> **TASK DESCRIPTION**: Give back exactly the line containing "The image size is (1232, 953)." and all that follow it in the data below, with the pictures left out.

> **Stored items**:
********************

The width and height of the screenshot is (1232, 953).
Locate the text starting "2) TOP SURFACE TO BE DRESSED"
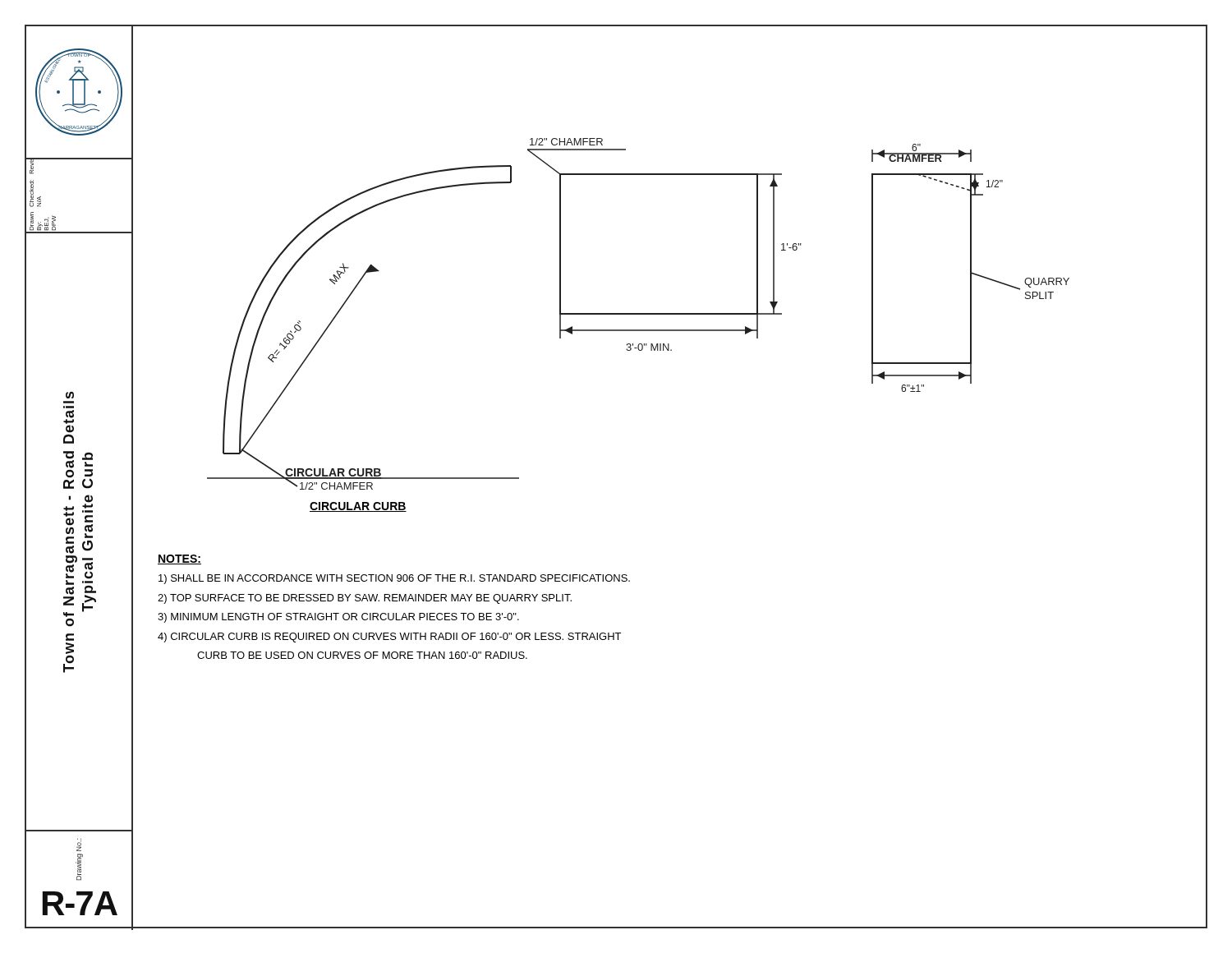coord(365,597)
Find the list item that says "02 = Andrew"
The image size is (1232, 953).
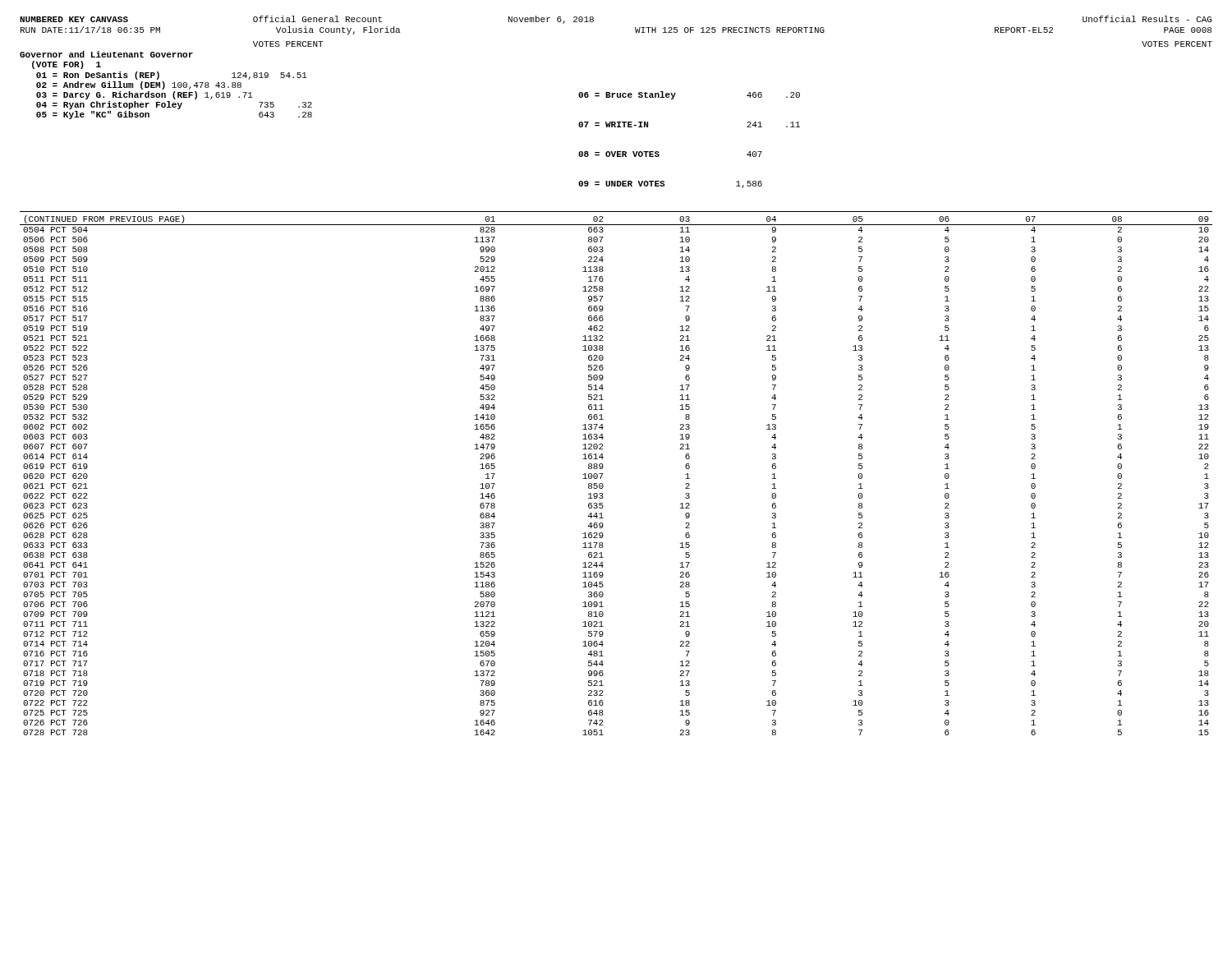click(131, 85)
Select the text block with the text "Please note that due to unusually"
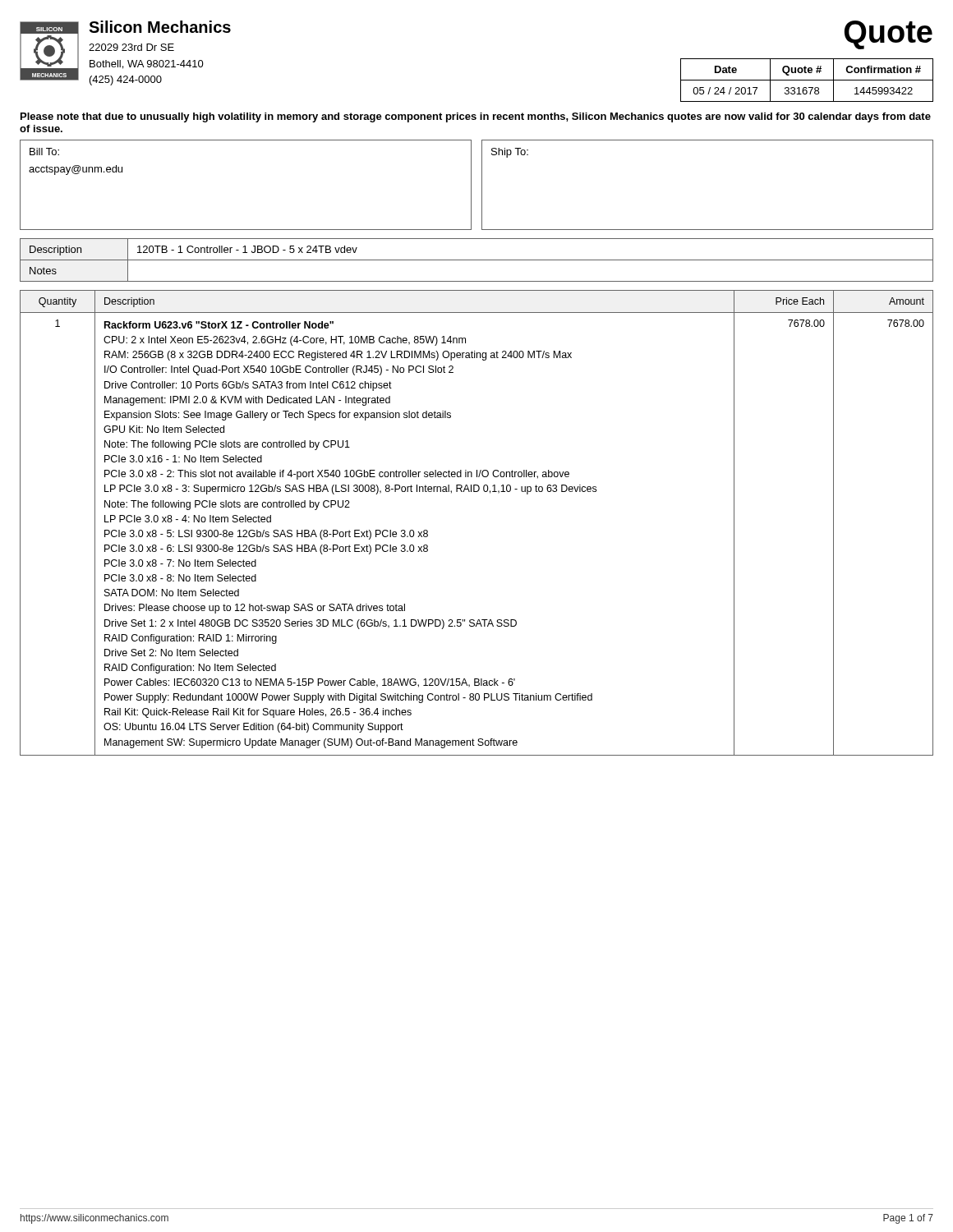The image size is (953, 1232). [475, 122]

********************

> **ANSWER SPACE**:
The image size is (1232, 953).
click(131, 85)
Select the text block with the text "Please note that due to unusually"
The image size is (953, 1232). [475, 122]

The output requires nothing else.